Already under siege for the widespread use of child labour in countries like the Democratic Republic of the Congo, which supplies more than 66 per cent of all cobalt, the latest update to Roskill’s Economic, Social and Governance coverage highlights another question mark that cobalt consumers need to answer.
The research consultancy firm noted that using the World Bank’s ‘Ease of Doing Business’ (EoDB) rankings – with lower scores indicates better, usually simpler, regulations for businesses and stronger protections of property – the top 10 cobalt-producing countries average a score of 147 compared to the global average of 95.

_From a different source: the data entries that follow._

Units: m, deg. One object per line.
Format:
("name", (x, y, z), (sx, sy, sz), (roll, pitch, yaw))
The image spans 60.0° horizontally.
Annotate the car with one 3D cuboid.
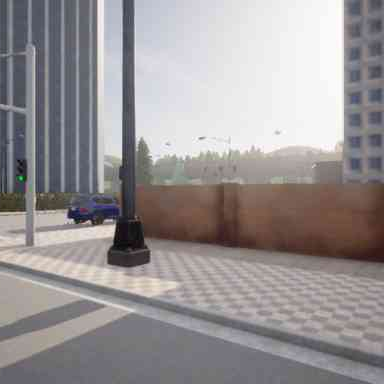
("car", (-6.180, 1.250, 23.863), (2.150, 2.045, 5.566), (0, -1, 35))
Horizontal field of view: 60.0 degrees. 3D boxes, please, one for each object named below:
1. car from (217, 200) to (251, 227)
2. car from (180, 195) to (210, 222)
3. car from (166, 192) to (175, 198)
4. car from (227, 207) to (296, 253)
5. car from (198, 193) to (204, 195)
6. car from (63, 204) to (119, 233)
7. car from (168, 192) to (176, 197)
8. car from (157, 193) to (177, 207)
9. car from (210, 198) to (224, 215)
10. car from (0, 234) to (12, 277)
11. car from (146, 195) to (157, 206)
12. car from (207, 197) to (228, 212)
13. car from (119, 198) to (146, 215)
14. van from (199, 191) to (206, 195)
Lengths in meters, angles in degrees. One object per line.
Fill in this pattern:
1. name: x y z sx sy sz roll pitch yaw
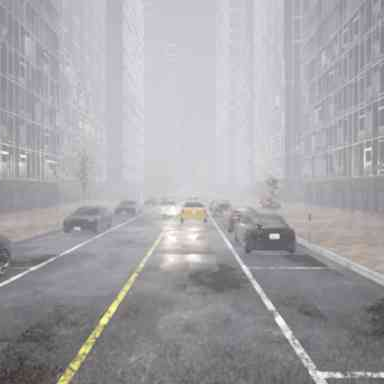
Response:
1. car: 2.700 1.400 18.627 1.887 1.381 4.507 0 0 0
2. car: 0.117 1.267 24.027 1.801 1.575 5.366 0 0 0
3. car: -5.632 0.808 86.947 2.008 1.369 4.403 0 1 0
4. car: 2.697 1.466 12.935 1.947 1.339 4.313 0 0 0
5. car: 0.129 1.218 41.315 2.033 1.411 5.357 0 1 0
6. car: -5.680 1.421 18.641 1.947 1.339 4.313 0 0 0
7. car: -5.628 0.752 92.639 2.008 1.369 4.403 0 1 0
8. car: -3.059 1.217 43.395 1.994 1.385 4.181 0 0 0
9. car: 2.708 1.346 30.012 1.802 1.307 4.206 0 0 0
10. car: -5.688 1.510 7.257 1.947 1.339 4.313 0 0 0
11. car: -5.660 1.167 47.101 1.887 1.381 4.507 0 0 0
12. car: 2.712 1.262 35.705 1.887 1.381 4.507 0 0 0
13. car: -5.672 1.330 30.025 1.947 1.339 4.313 0 0 0
14. van: 2.748 0.599 86.935 1.690 1.788 3.998 0 1 0
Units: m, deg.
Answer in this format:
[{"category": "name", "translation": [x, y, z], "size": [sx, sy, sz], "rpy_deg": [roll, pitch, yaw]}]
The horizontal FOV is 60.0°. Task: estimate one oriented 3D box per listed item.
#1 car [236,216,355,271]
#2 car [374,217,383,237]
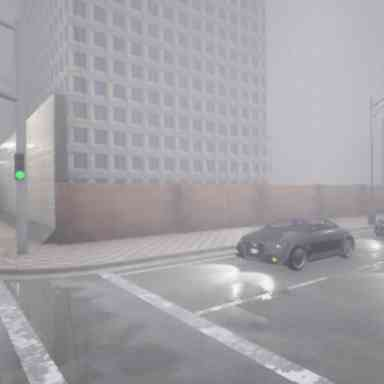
[{"category": "car", "translation": [3.395, 1.486, 10.713], "size": [4.181, 1.385, 1.994], "rpy_deg": [-1, 0, -36]}, {"category": "car", "translation": [10.528, 1.354, 15.788], "size": [4.674, 1.442, 1.812], "rpy_deg": [-1, 0, -35]}]
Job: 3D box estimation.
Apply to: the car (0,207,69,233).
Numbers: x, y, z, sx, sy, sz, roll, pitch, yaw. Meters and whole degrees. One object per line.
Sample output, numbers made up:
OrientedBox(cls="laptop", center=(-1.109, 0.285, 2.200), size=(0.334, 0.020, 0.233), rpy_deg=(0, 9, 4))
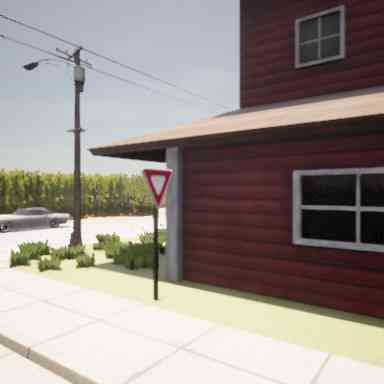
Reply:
OrientedBox(cls="car", center=(-10.019, 1.614, 20.098), size=(1.895, 1.301, 4.718), rpy_deg=(0, 0, 37))
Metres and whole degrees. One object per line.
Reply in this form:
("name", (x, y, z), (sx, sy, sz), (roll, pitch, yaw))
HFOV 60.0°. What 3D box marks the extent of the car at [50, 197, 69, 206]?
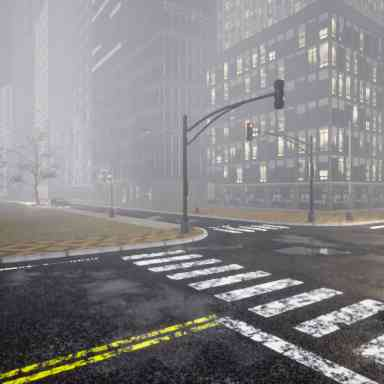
("car", (-21.668, 1.553, 54.255), (2.033, 1.411, 5.357), (0, 0, -35))
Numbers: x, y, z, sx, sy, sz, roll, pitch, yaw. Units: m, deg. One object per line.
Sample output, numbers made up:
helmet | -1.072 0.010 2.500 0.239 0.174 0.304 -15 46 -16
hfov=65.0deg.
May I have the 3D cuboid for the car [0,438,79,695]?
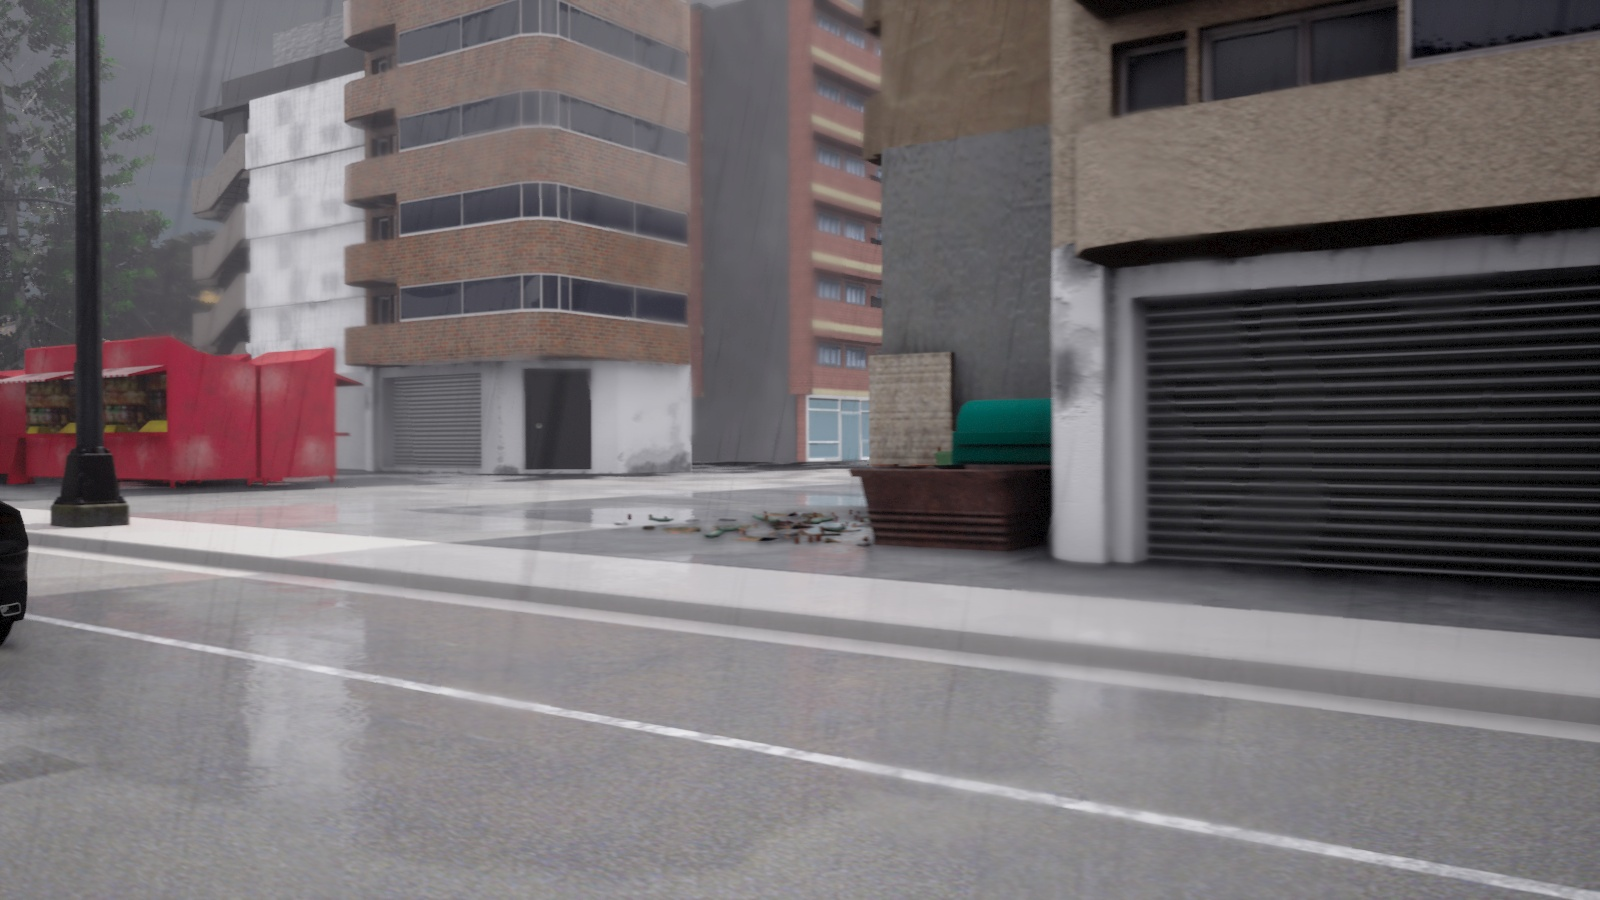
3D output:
car | -6.959 0.688 8.248 4.892 1.490 1.837 0 1 34
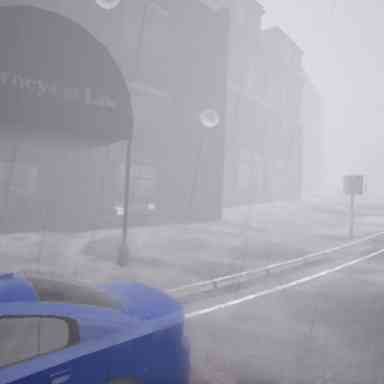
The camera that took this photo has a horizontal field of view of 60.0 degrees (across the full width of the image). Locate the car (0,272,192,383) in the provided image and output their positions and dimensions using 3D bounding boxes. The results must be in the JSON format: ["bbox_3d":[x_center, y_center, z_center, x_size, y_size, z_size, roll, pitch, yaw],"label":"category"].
[{"bbox_3d":[-2.325,1.494,2.484,5.008,1.535,1.882,0,0,-37],"label":"car"}]
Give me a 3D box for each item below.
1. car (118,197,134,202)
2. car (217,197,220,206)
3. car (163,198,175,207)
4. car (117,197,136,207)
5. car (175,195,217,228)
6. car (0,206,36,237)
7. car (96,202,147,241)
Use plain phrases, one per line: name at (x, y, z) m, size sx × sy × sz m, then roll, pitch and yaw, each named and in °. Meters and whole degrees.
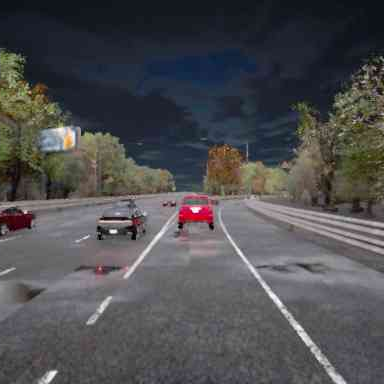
car at (-6.900, 1.562, 34.581) m, size 2.033 × 1.411 × 5.357 m, roll 0°, pitch 0°, yaw 0°
car at (3.654, 1.529, 56.202) m, size 1.882 × 1.535 × 5.008 m, roll 0°, pitch 0°, yaw 9°
car at (-3.396, 1.622, 52.216) m, size 1.895 × 1.301 × 4.718 m, roll 0°, pitch 0°, yaw 0°
car at (-10.398, 1.514, 53.046) m, size 2.128 × 1.511 × 4.902 m, roll 0°, pitch 0°, yaw 0°
car at (0.333, 1.227, 22.202) m, size 2.150 × 2.045 × 5.566 m, roll 0°, pitch 0°, yaw 3°
car at (-10.398, 1.485, 18.244) m, size 1.882 × 1.535 × 5.008 m, roll 0°, pitch 0°, yaw 0°
car at (-3.398, 1.499, 16.798) m, size 2.128 × 1.511 × 4.902 m, roll 0°, pitch 0°, yaw 0°
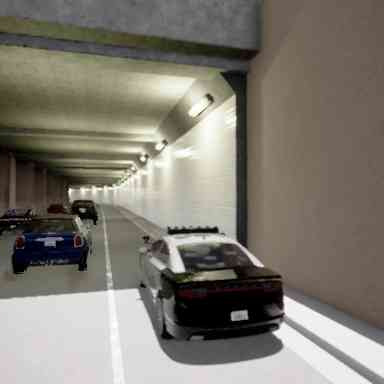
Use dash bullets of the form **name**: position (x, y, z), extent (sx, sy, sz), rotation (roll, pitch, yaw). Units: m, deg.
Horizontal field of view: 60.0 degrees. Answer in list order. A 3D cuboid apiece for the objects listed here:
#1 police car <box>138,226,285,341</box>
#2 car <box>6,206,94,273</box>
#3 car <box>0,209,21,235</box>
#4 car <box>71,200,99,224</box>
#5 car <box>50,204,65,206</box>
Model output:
- **police car**: position (-0.024, 1.542, 7.088), extent (1.930, 1.638, 5.238), rotation (0, -1, -15)
- **car**: position (-4.681, 1.551, 11.696), extent (2.097, 1.767, 4.553), rotation (0, -1, -15)
- **car**: position (-11.021, 1.862, 21.662), extent (2.128, 1.511, 4.902), rotation (0, -1, -15)
- **car**: position (-9.593, 1.718, 29.742), extent (2.150, 2.045, 5.566), rotation (0, -1, -15)
- **car**: position (-15.787, 2.137, 39.170), extent (1.882, 1.535, 5.008), rotation (0, -1, -15)

Likewise on Transparency International’s ‘Corruption Perceptions Index’ (CPI), which scores less corrupt countries higher, the same countries had an average of 26 compared to the global average of 43.
By way of comparison, Denmark and New Zealand achieved a CPI score of 88 out of 100.
And it is not likely to get any better.
Roskill expects that future expansion of cobalt production will continue to be centred in traditional producing countries such as Australia, Canada and the DRC.
While the former two are largely free of ESG issues, the DRC is still expected to dominate cobalt production over the next decade.
This is especially concerning given that Macquarie has flagged that global sales of electric vehicles in the first quarter of 2021 are already up 165 per cent year-on-year.
WEEKLY SMALL CAP STANDOUTS
Triton Minerals (ASX:TON)
Triton has joined the European Battery Alliance, which seeks to create a competitive and sustainable European battery industry.
It provides access to a network of more than 600 stakeholders from the public and private sectors covering the entire supply chain.
Interim chief executive officer David Edwards says that the company’s graphite is ideally suited for battery markets and that it is ‘fundamental’ that it builds partnerships within Europe, which is a significant future market for EVs.
Volt Resources (ASX:VRC)
Last week, Volt entered into a binding agreement to acquire a 70 per cent interest in the producing Zavalievsky graphite business in Ukraine.
Zavalievsky is about 280km south of Ukraine’s capital Kyiv (Kiev) and has existing production of graphite products to supply traditional European industrial markets including refractories, electrodes and lubricants.
It also has the potential to become a producer of spherical purified graphite for the lithium-ion battery market in the near term.
Vulcan Energy (ASX:VUL)
Vulcan is also on the acquisition trail, signing a binding agreement to purchase geothermal surface consultancy company Global Engineering and Consulting Gmbh (gec-co).
The new acquisition has a world-leading engineering team with significant experience in surface development of geothermal projects in Germany and world-wide.
It follows on a recent agreement to acquire sub-surface development company GeoT.